Résumé de la conférence de Michaela Fabra

Fins de vies ou fin d’une vie ? – valeurs et enjeux identitaires dans le système néolibéral

Michaela Fabre

(médecin responsable de l’USP du CH Émile Roux au Puy)

Résumé

La fin de vie et la mort, bien que complémentaires comme événements, sont irréductibles l’une à l’autre comme dimensions. Si la mort interpelle les rapports sociaux des vivants face à l’ambiguïté d’une absence mais présence autre et qui demande un statut (Patrick Baudry), la fin de vie interroge l’identité morale contemporaine par le biais des valeurs que le sujet social regardant se donne à lui-même comme horizon d’humanité et de Vie Bonne, dans un espace arendtien où les limites de l’accepté et du défendu sont devenues floues. Quand celui qui ne peut plus guérir dit « je ne sers plus à rien », il signifie en même temps qu’il a accepté ce que la société lui a assigné comme finalité à la place du fait d’être juste quelqu’un, une potentialité capable d’espérance et de création du sens, voir d’être sens en lui-même, pour illustrer pourquoi « seul l’homme meurt, l’animal périt » (Heidegger).

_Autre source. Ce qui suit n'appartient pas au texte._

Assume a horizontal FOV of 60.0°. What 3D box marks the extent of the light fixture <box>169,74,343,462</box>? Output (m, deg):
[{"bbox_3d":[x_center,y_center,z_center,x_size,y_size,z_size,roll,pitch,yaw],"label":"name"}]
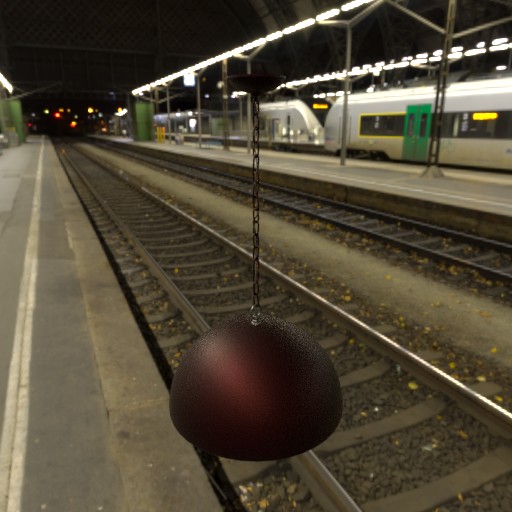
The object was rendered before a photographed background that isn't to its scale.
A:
[{"bbox_3d":[0.000,0.000,1.157,0.492,0.869,0.492,15,22,42],"label":"light fixture"}]
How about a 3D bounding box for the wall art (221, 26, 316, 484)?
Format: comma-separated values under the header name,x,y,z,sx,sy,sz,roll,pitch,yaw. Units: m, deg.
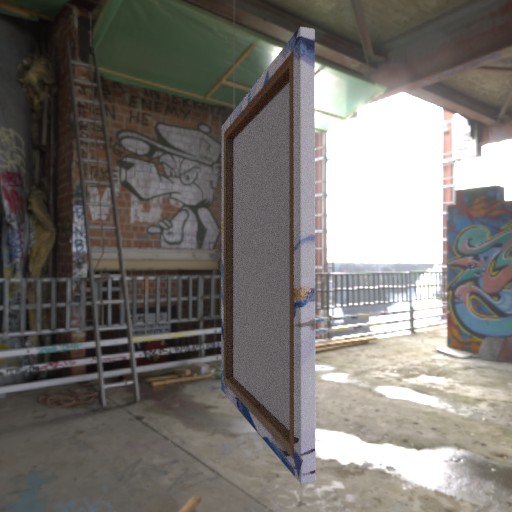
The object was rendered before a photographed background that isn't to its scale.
name,x,y,z,sx,sy,sz,roll,pitch,yaw
wall art,0.000,0.000,1.348,0.038,1.015,0.761,0,-1,-18

La formulation « comment (mieux) mourir ?» du débat sociétal révèle une contraction de plusieurs domaines épistémologiques : l’agir de l’éthique, le Bien comme morale (Ch. Taylor, Aristote), la finitude comme interpellation de l’existence, la politique et en son sein la santé au sens large comme autant de domaines de jonction entre la singularité apophatique et la pluralité. Attendue plutôt au niveau du choix de la méthode et du moyen et souhaitée apte à une transcription normative rassurante, la facilité de la réponse se brise sur l’adverbe qui interroge l’identité morale de la société dans son ensemble. Car si la lecture du sens se fait à la 1ère personne du singulier, elle s’éclaire sous le regard de la société et finalement du politique lorsque je la pense de l’extérieur, à la 3ème personne, et alors l’unicité s’efface dans le nombre, qui lui s’y prête à la conceptualisation dépersonnalisée et à l’élaboration des stratégies d’actions jugées efficaces dans une réalité sociopolitique qui met un prix sur tout dont le temps de la vie (Michel Sandel).

Les valeurs véhiculées dans le débat font appel à l’intuition et à l’émotion génératrices d’expérience morale (Ch. Taylor, Marta Spranzi), éminemment intimes et subjectives et par conséquent inaptes à la standardisation normative. Le langage est glissant, le Bien est remplacé par le bien-être consumériste et ainsi de suite. Tout cela créé des dissymétries superposées et intriquées liées à la dimension existentielle contemporaine du choix et de la préférence (Kenneth Arrow, Amartya Sen).

La fin de vie a été confiée à la médecine, considérée garante pour l’acte mais aussi investie d’une aura d’humanisme intrinsèque. Devenue un méta-domaine à la confluence des sciences et des technologies de pointe, elle a ébranlé l’ineffabilité. Quant à la consultation éthique, dans les hôpitaux français elle ne concerne que des situations particulières, la grande majorité des souffrants (la vie anonyme) n’incitant pas les médecins au doute moral, la décision en situation étant le plus souvent la résultante d’une manière de pensée on-off (réanimation ou sédation profonde et continue ?), sous la couverture du choix improbable d’un patient dont l’état peut facilement et souvent prêter à l’erreur d’interprétation en cas d’indifférence morale, ce qui bouscule les principes réinterprétés d’égalité de chance et du respect de la différence (J. Rawls).

Le débat sur la fin de vie ne nous parle pas de ceux qui vont partir mais de nous -mêmes, en ce que nous concédons d’être sans étonnement, à la confluence des confusions et à l’intérieur des systèmes étatiques imbriqués dont nous sommes créateurs et acteurs, en nous laissant le choix d’une désobéissance morale d’essence.